Tillandsia L., 1753 è un genere di piante angiosperme monocotiledoni appartenente alla famiglia delle Bromeliacee[1].

Conta oltre 600 specie di piante sempreverdi, perenni, adattate per vivere negli ambienti più diversi, dal deserto alle montagne, alle foreste pluviali. Comune caratteristica a questi è però la elevata temperatura ambientale, in un range che varia dal 10 ai 35 °C.[senza fonte]

Descrizione[modifica | modifica wikitesto]

Tillandsia fasciculata

Il genere comprende specie in massima parte epifite, ma anche litofite e terricole.

Comune alle diverse specie è l'ampia presenza di tricomi, strutture specializzate assorbire l'acqua che coprono le foglie, donando ad alcune specie un colore argenteo ed un aspetto vellutato.
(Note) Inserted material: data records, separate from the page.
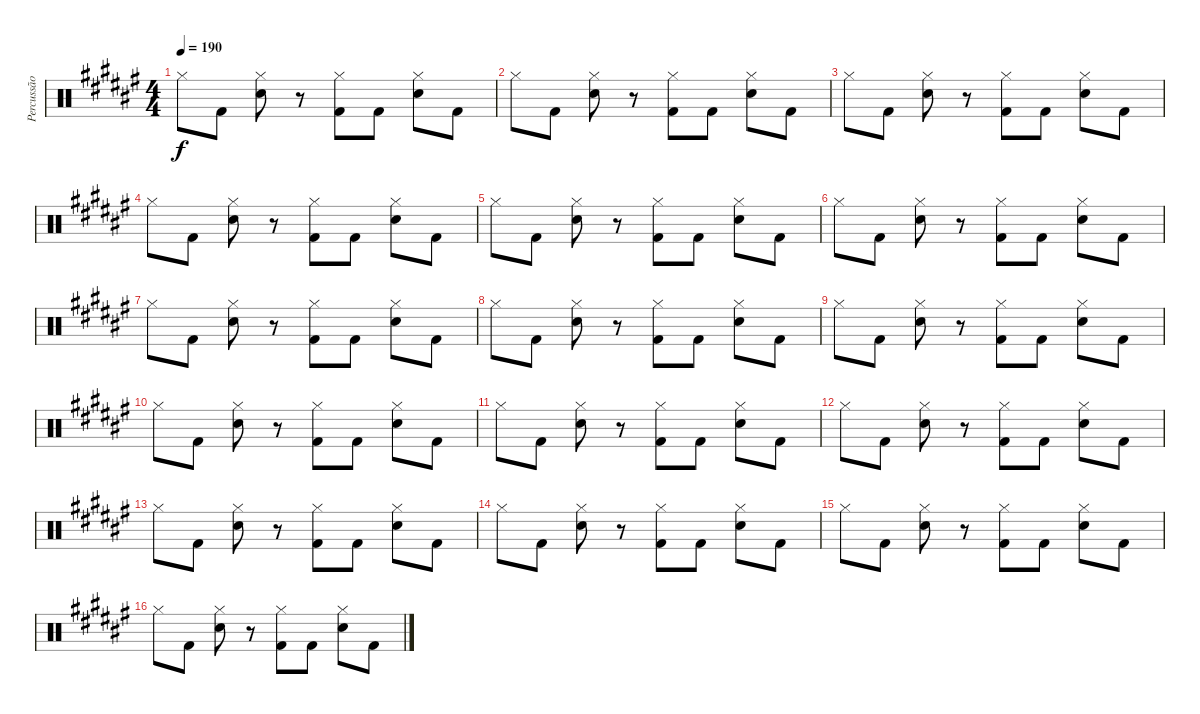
\track ("Percussão" "Percussão") {instrument percussion}
\staff {score}
\articulation defaults
\ts (4 4)
\tempo 190
\clef neutral
\ks d#minor "Hi-Hat (closed)".8{dy f} "Kick (hit) 2".8
("Hi-Hat (closed)" "Snare (hit) 2").8 r.8 ("Hi-Hat (closed)" "Kick (hit) 2").8 "Kick (hit) 2".8 ("Hi-Hat (closed)" "Snare (hit) 2").8 "Kick (hit) 2".8 |
"Hi-Hat (closed)".8 "Kick (hit) 2".8 ("Hi-Hat (closed)" "Snare (hit) 2").8 r.8 ("Hi-Hat (closed)" "Kick (hit) 2").8 "Kick (hit) 2".8 ("Hi-Hat (closed)" "Snare (hit) 2").8 "Kick (hit) 2".8 |
"Hi-Hat (closed)".8 "Kick (hit) 2".8 ("Hi-Hat (closed)" "Snare (hit) 2").8 r.8 ("Hi-Hat (closed)" "Kick (hit) 2").8 "Kick (hit) 2".8 ("Hi-Hat (closed)" "Snare (hit) 2").8 "Kick (hit) 2".8 |
"Hi-Hat (closed)".8 "Kick (hit) 2".8 ("Hi-Hat (closed)" "Snare (hit) 2").8 r.8 ("Hi-Hat (closed)" "Kick (hit) 2").8 "Kick (hit) 2".8 ("Hi-Hat (closed)" "Snare (hit) 2").8 "Kick (hit) 2".8 |
"Hi-Hat (closed)".8 "Kick (hit) 2".8 ("Hi-Hat (closed)" "Snare (hit) 2").8 r.8 ("Hi-Hat (closed)" "Kick (hit) 2").8 "Kick (hit) 2".8 ("Hi-Hat (closed)" "Snare (hit) 2").8 "Kick (hit) 2".8 |
"Hi-Hat (closed)".8 "Kick (hit) 2".8 ("Hi-Hat (closed)" "Snare (hit) 2").8 r.8 ("Hi-Hat (closed)" "Kick (hit) 2").8 "Kick (hit) 2".8 ("Hi-Hat (closed)" "Snare (hit) 2").8 "Kick (hit) 2".8 |
"Hi-Hat (closed)".8 "Kick (hit) 2".8 ("Hi-Hat (closed)" "Snare (hit) 2").8 r.8 ("Hi-Hat (closed)" "Kick (hit) 2").8 "Kick (hit) 2".8 ("Hi-Hat (closed)" "Snare (hit) 2").8 "Kick (hit) 2".8 |
"Hi-Hat (closed)".8 "Kick (hit) 2".8 ("Hi-Hat (closed)" "Snare (hit) 2").8 r.8 ("Hi-Hat (closed)" "Kick (hit) 2").8 "Kick (hit) 2".8 ("Hi-Hat (closed)" "Snare (hit) 2").8 "Kick (hit) 2".8 |
"Hi-Hat (closed)".8 "Kick (hit) 2".8 ("Hi-Hat (closed)" "Snare (hit) 2").8 r.8 ("Hi-Hat (closed)" "Kick (hit) 2").8 "Kick (hit) 2".8 ("Hi-Hat (closed)" "Snare (hit) 2").8 "Kick (hit) 2".8 |
"Hi-Hat (closed)".8 "Kick (hit) 2".8 ("Hi-Hat (closed)" "Snare (hit) 2").8 r.8 ("Hi-Hat (closed)" "Kick (hit) 2").8 "Kick (hit) 2".8 ("Hi-Hat (closed)" "Snare (hit) 2").8 "Kick (hit) 2".8 |
"Hi-Hat (closed)".8 "Kick (hit) 2".8 ("Hi-Hat (closed)" "Snare (hit) 2").8 r.8 ("Hi-Hat (closed)" "Kick (hit) 2").8 "Kick (hit) 2".8 ("Hi-Hat (closed)" "Snare (hit) 2").8 "Kick (hit) 2".8 |
"Hi-Hat (closed)".8 "Kick (hit) 2".8 ("Hi-Hat (closed)" "Snare (hit) 2").8 r.8 ("Hi-Hat (closed)" "Kick (hit) 2").8 "Kick (hit) 2".8 ("Hi-Hat (closed)" "Snare (hit) 2").8 "Kick (hit) 2".8 |
"Hi-Hat (closed)".8 "Kick (hit) 2".8 ("Hi-Hat (closed)" "Snare (hit) 2").8 r.8 ("Hi-Hat (closed)" "Kick (hit) 2").8 "Kick (hit) 2".8 ("Hi-Hat (closed)" "Snare (hit) 2").8 "Kick (hit) 2".8 |
"Hi-Hat (closed)".8 "Kick (hit) 2".8 ("Hi-Hat (closed)" "Snare (hit) 2").8 r.8 ("Hi-Hat (closed)" "Kick (hit) 2").8 "Kick (hit) 2".8 ("Hi-Hat (closed)" "Snare (hit) 2").8 "Kick (hit) 2".8 |
"Hi-Hat (closed)".8 "Kick (hit) 2".8 ("Hi-Hat (closed)" "Snare (hit) 2").8 r.8 ("Hi-Hat (closed)" "Kick (hit) 2").8 "Kick (hit) 2".8 ("Hi-Hat (closed)" "Snare (hit) 2").8 "Kick (hit) 2".8 |
"Hi-Hat (closed)".8 "Kick (hit) 2".8 ("Hi-Hat (closed)" "Snare (hit) 2").8 r.8 ("Hi-Hat (closed)" "Kick (hit) 2").8 "Kick (hit) 2".8 ("Hi-Hat (closed)" "Snare (hit) 2").8 "Kick (hit) 2".8

Senza radici sotterranee, assorbono il loro nutrimento dall'umidità dell'aria, catturata tramite apposite strutture poste sull'epidermide chiamate tricomi che sono aperti quando la pianta è secca e si richiudono sopra una certa soglia di umidità per impedirne l'evaporazione: l'aspetto vellutato di queste piante è dovuto proprio ad essi.

Distribuzione e habitat[modifica | modifica wikitesto]

L'areale del genere si estende nel continente americano, dal sud degli Stati Uniti e dal Messico fino all'Argentina, passando per Mesoamerica e Caraibi[1].

Vivono generalmente sulle cime degli alberi o sulle rocce, nelle zone dove sono più diffuse è comune trovarle anche su pali e fili elettrici oltre che sulle antenne televisive.

Tassonomia[modifica | modifica wikitesto]

Lo stesso argomento in dettaglio: Specie di Tillandsia.

Il genere comprende oltre 600 specie.[1]

Alcune specie[modifica | modifica wikitesto]

Usi[modifica | modifica wikitesto]

Assieme all'umidità, le Tillandsie catturano anche il pulviscolo atmosferico che contiene agenti inquinanti. In ragione di questa proprietà, sono stati eseguiti studi volti ad esplorare l'utilizzo di queste piante come biorivelatori di inquinanti atmosferici, in particolare per rivelare gli IPA (idrocarburi policiclici aromatici), sostanze provenienti dalla incompleta combustione della benzina e del gasolio sospettate di causare il cancro.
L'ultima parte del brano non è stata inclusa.